=== Begin Enclosure ===

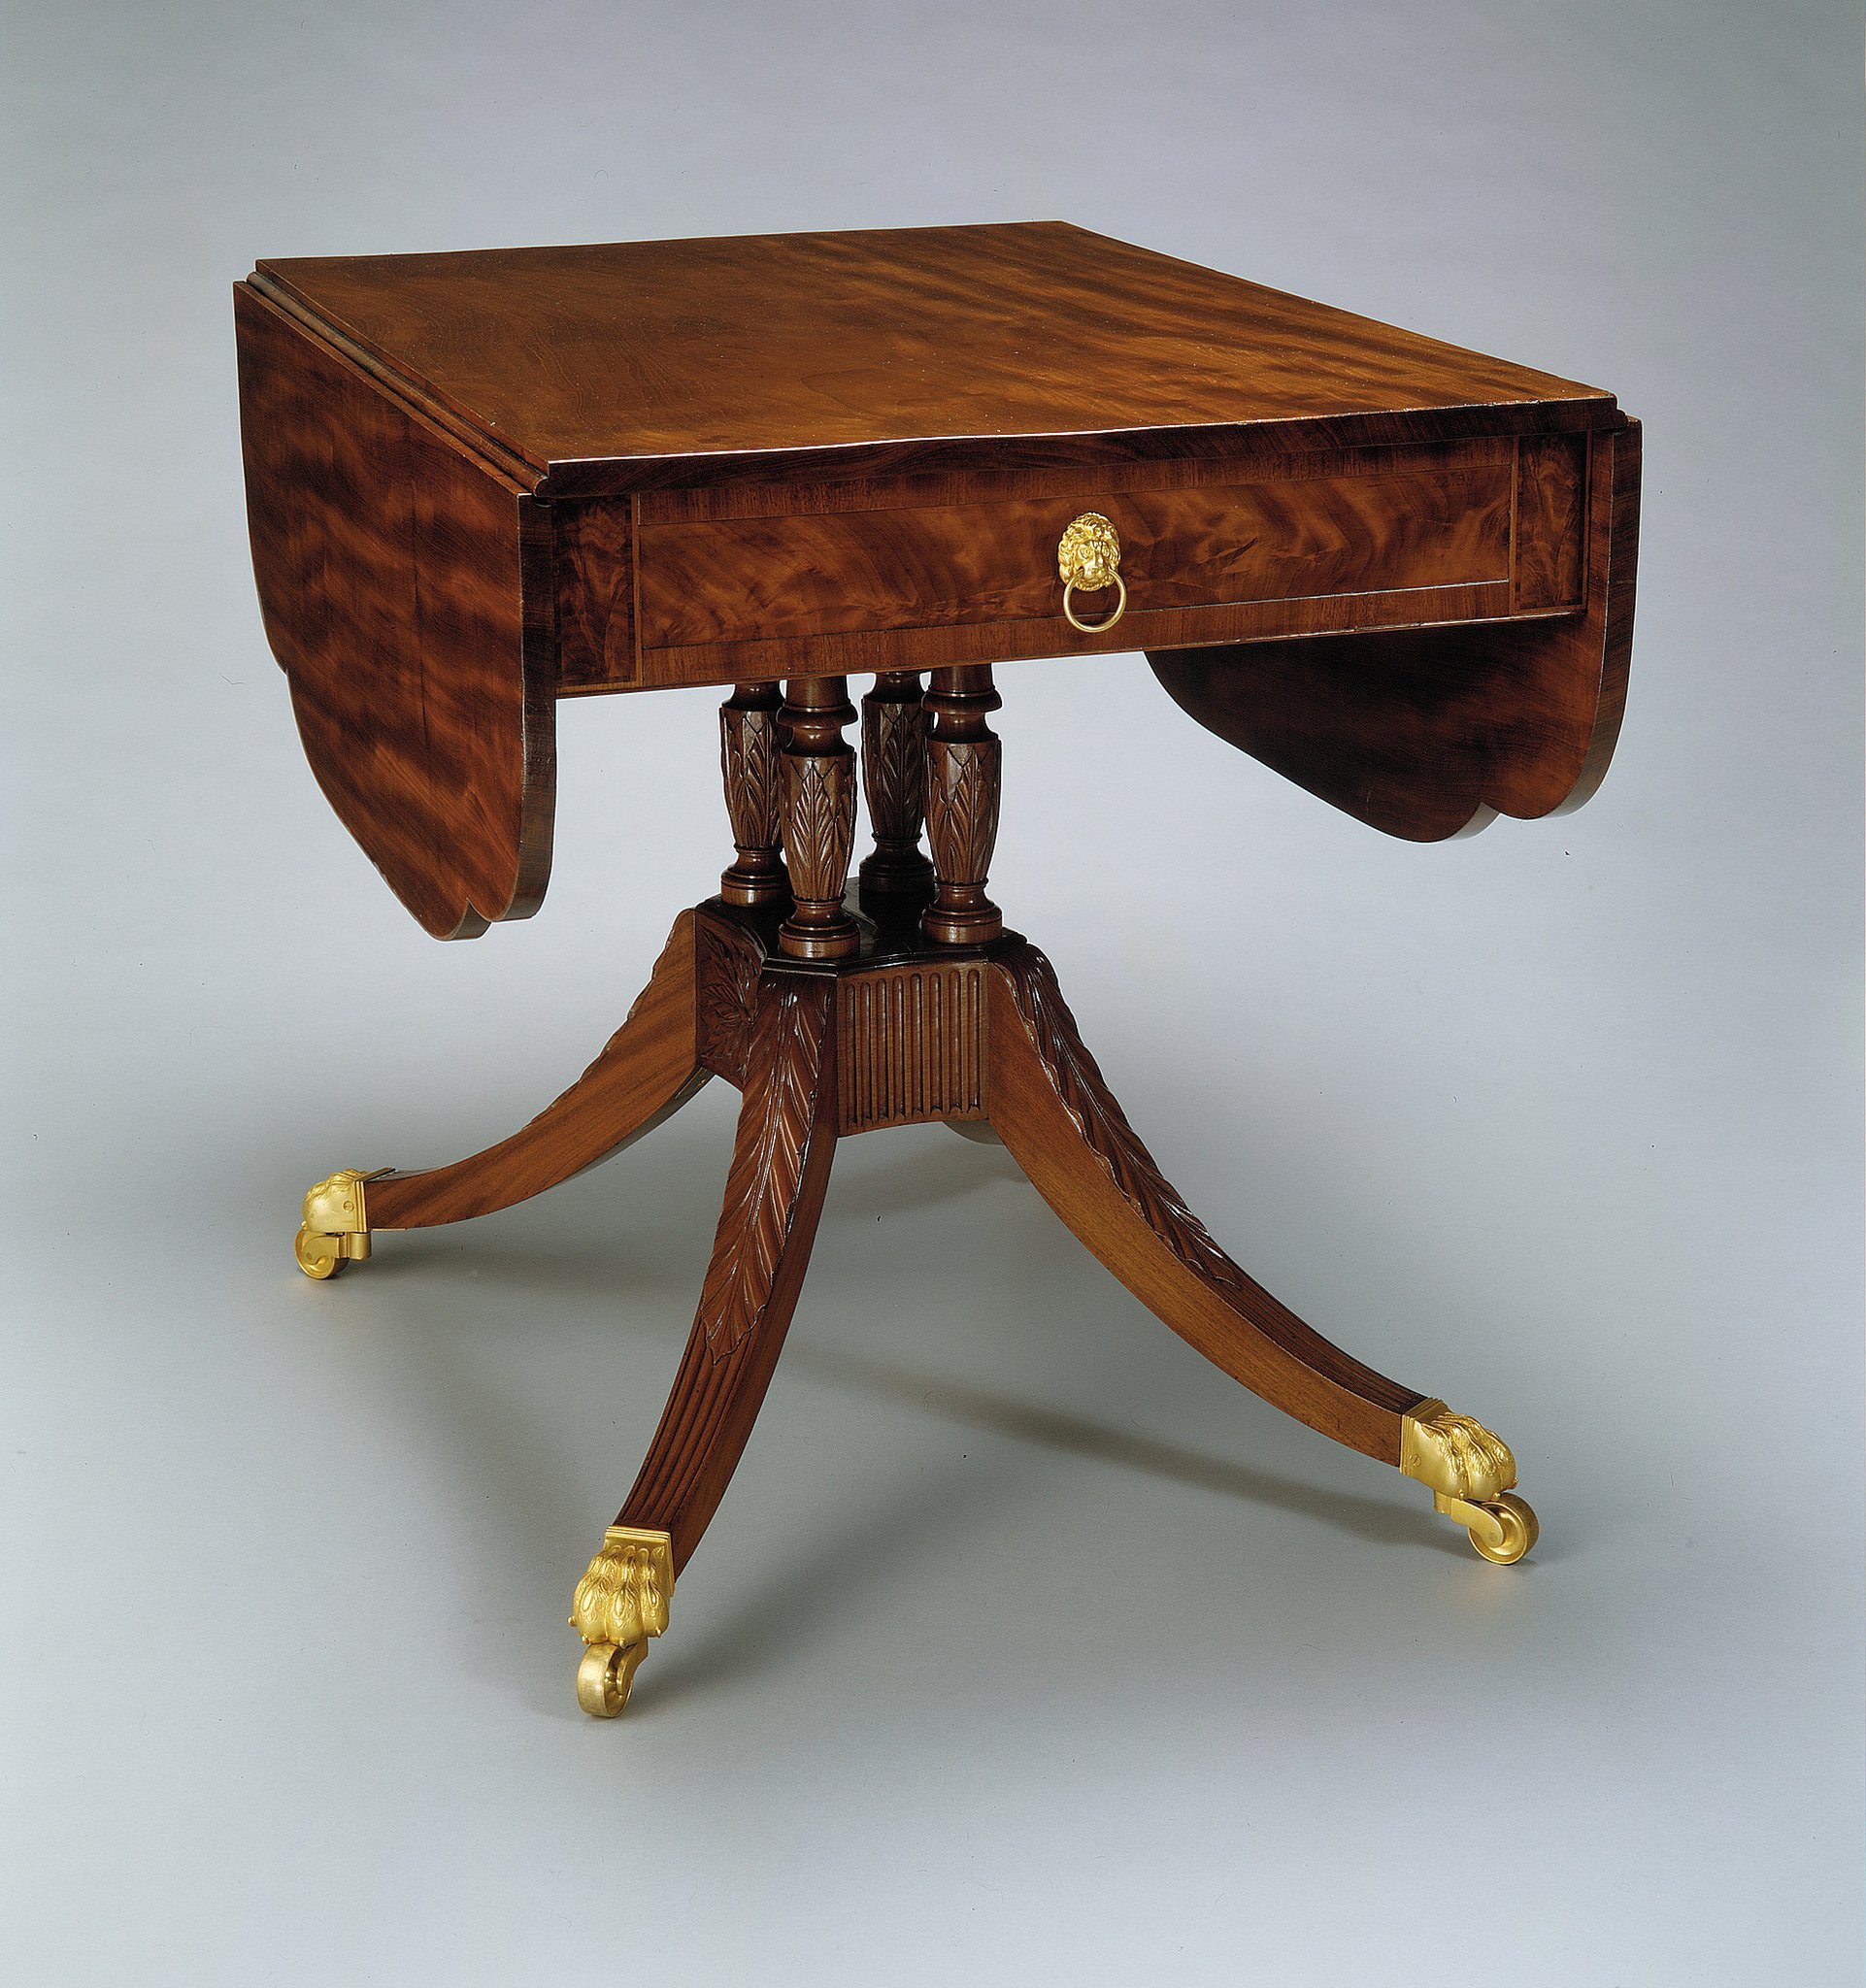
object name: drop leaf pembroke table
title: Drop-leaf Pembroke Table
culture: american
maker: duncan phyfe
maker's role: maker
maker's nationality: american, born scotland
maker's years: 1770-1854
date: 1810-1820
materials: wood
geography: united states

=== End Enclosure ===
=== Begin Enclosure ===

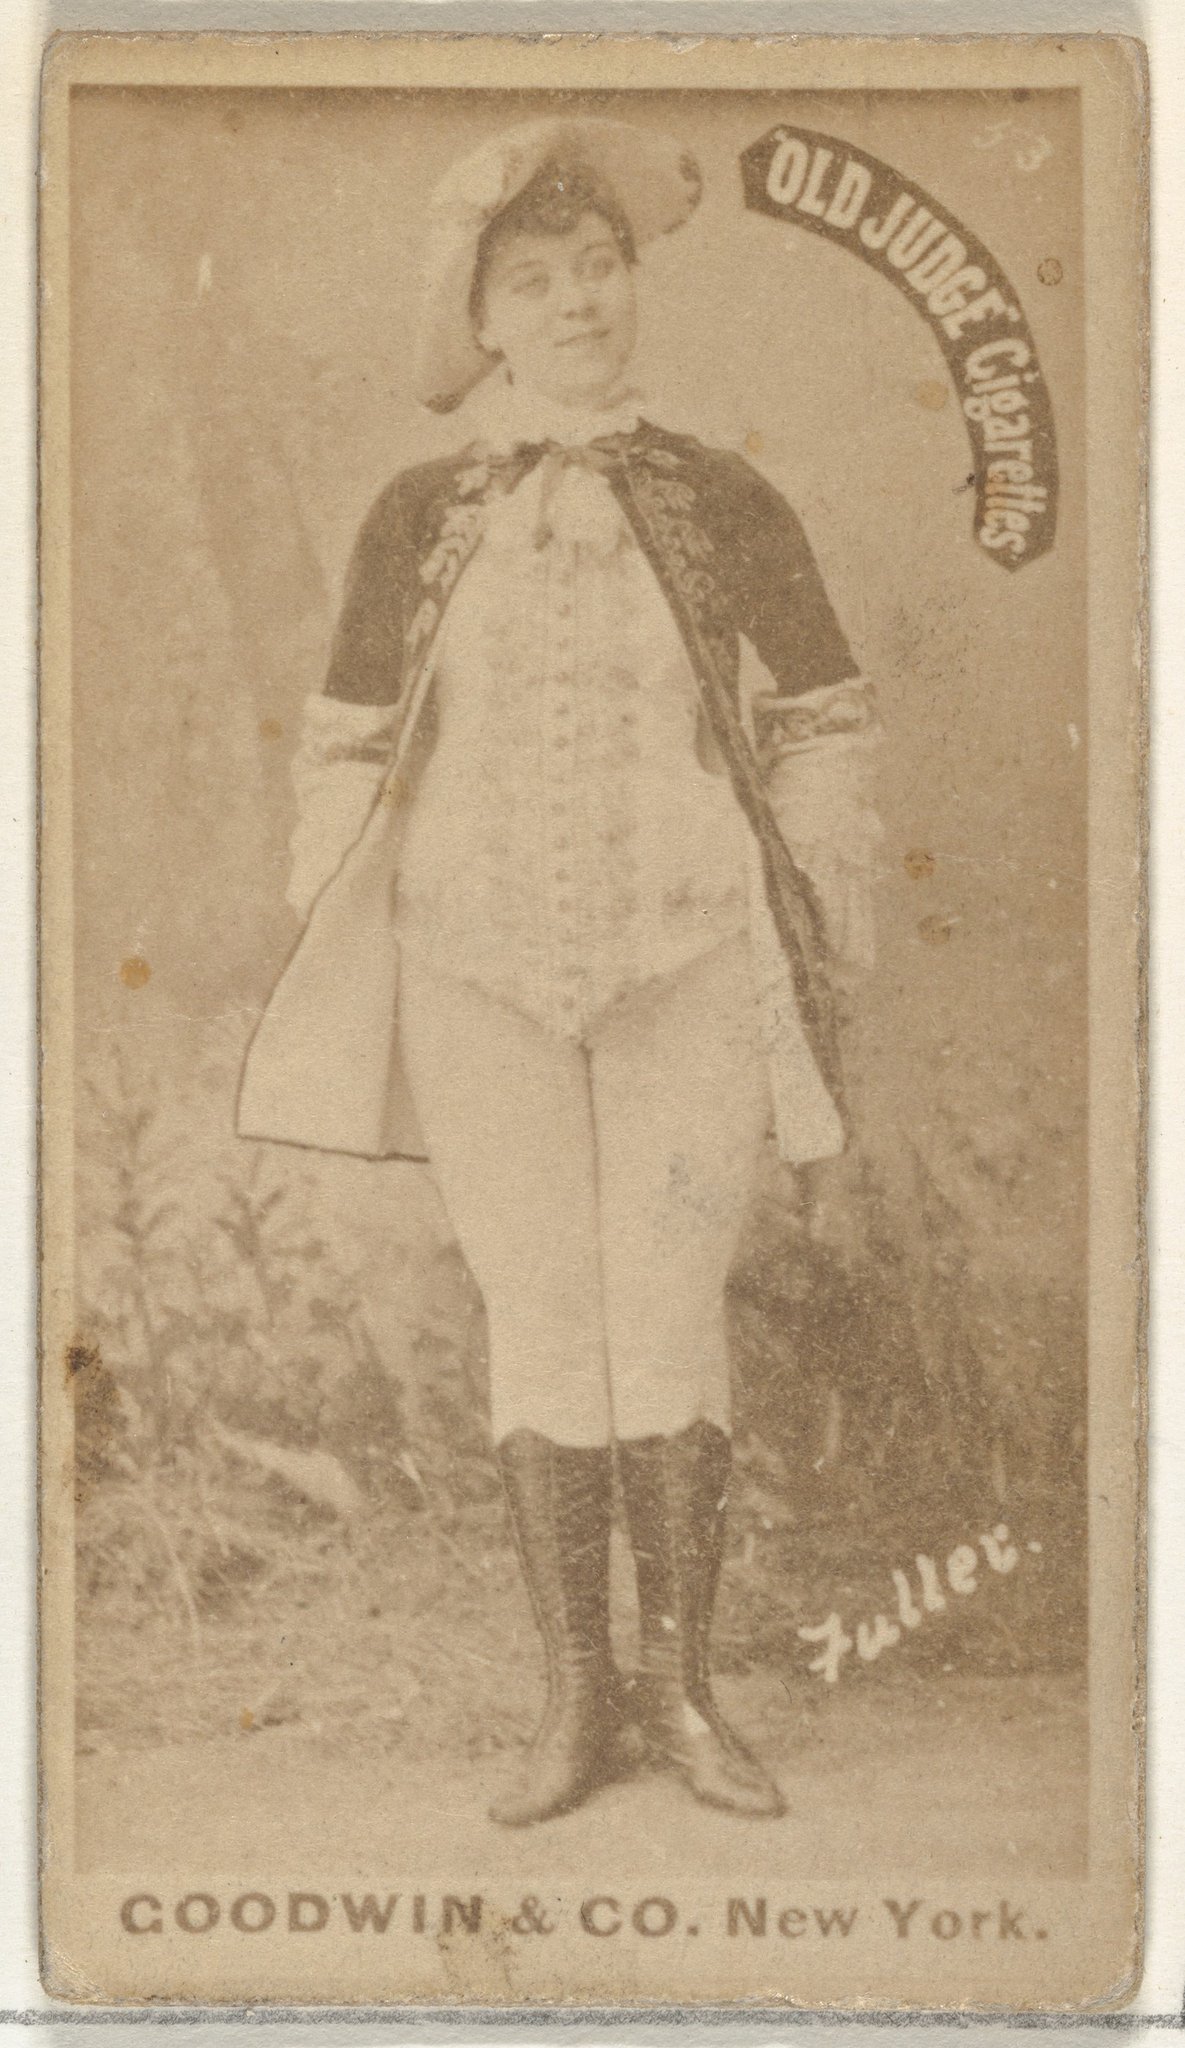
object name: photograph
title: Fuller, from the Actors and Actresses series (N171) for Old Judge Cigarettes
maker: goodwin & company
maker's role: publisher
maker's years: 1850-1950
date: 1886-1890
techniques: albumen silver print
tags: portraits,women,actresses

=== End Enclosure ===
=== Begin Enclosure ===

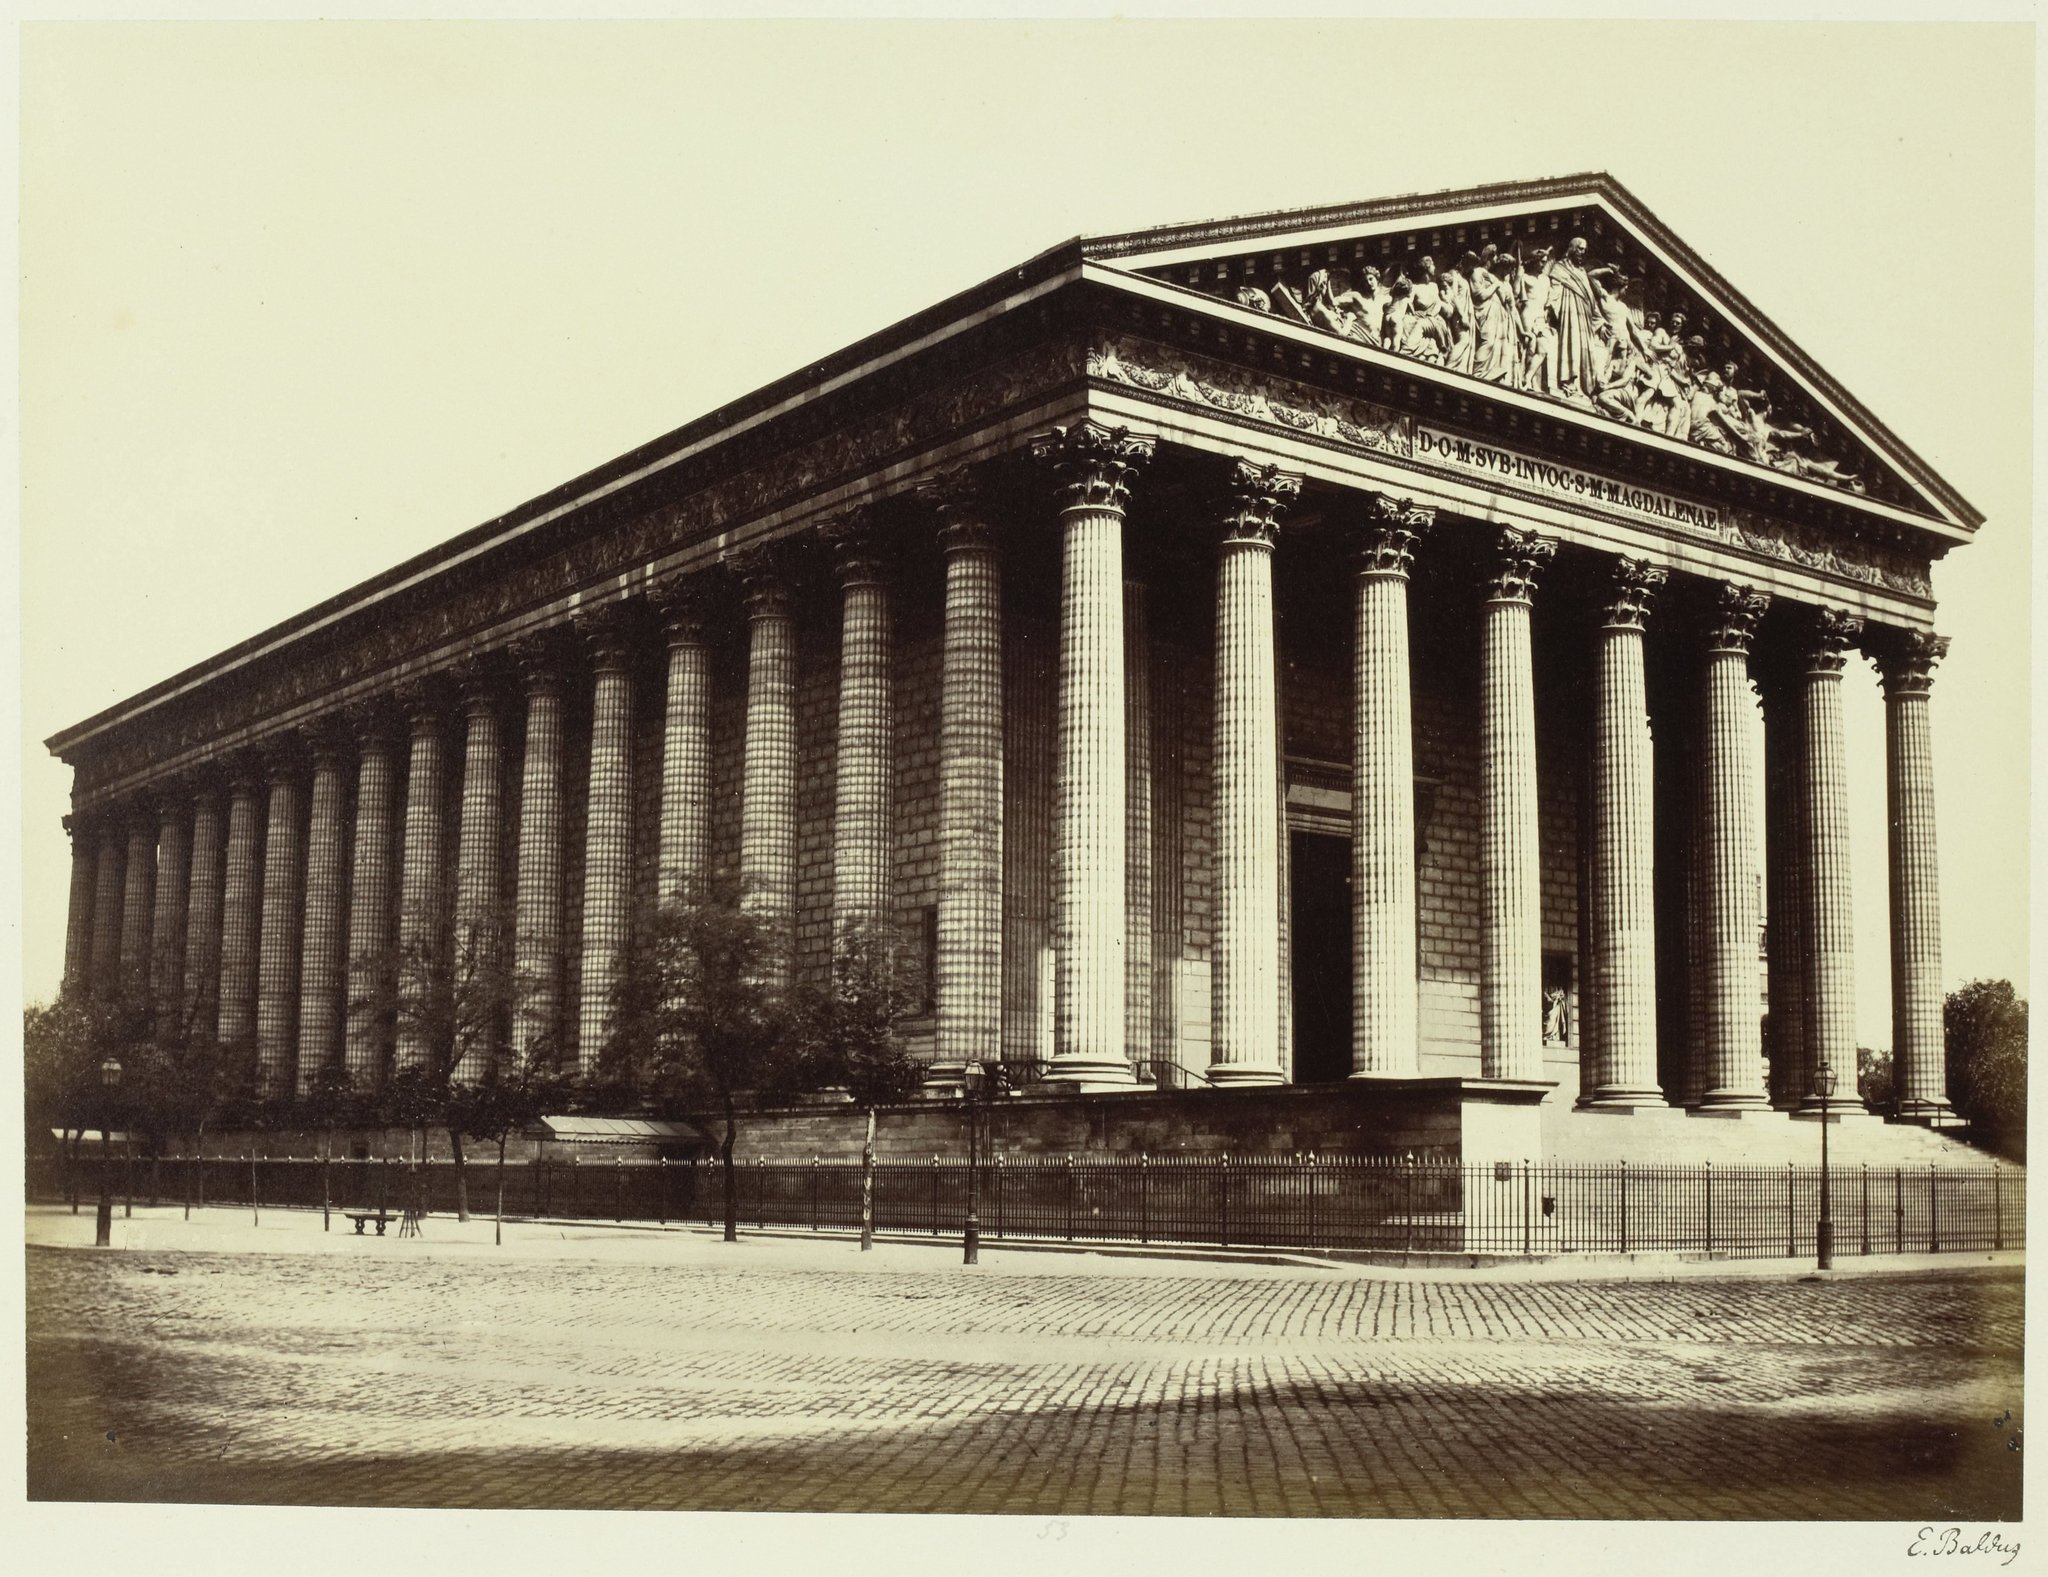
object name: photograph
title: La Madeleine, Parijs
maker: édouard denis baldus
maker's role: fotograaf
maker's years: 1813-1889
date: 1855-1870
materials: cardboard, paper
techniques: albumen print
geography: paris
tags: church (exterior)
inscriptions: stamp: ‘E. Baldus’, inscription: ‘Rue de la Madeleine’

=== End Enclosure ===

*Required work*: Reproduce verbatim the lines above, from the line with "object name: drop leaf pembroke table" through the line with "geography: united states".

*Answer box*:
object name: drop leaf pembroke table
title: Drop-leaf Pembroke Table
culture: american
maker: duncan phyfe
maker's role: maker
maker's nationality: american, born scotland
maker's years: 1770-1854
date: 1810-1820
materials: wood
geography: united states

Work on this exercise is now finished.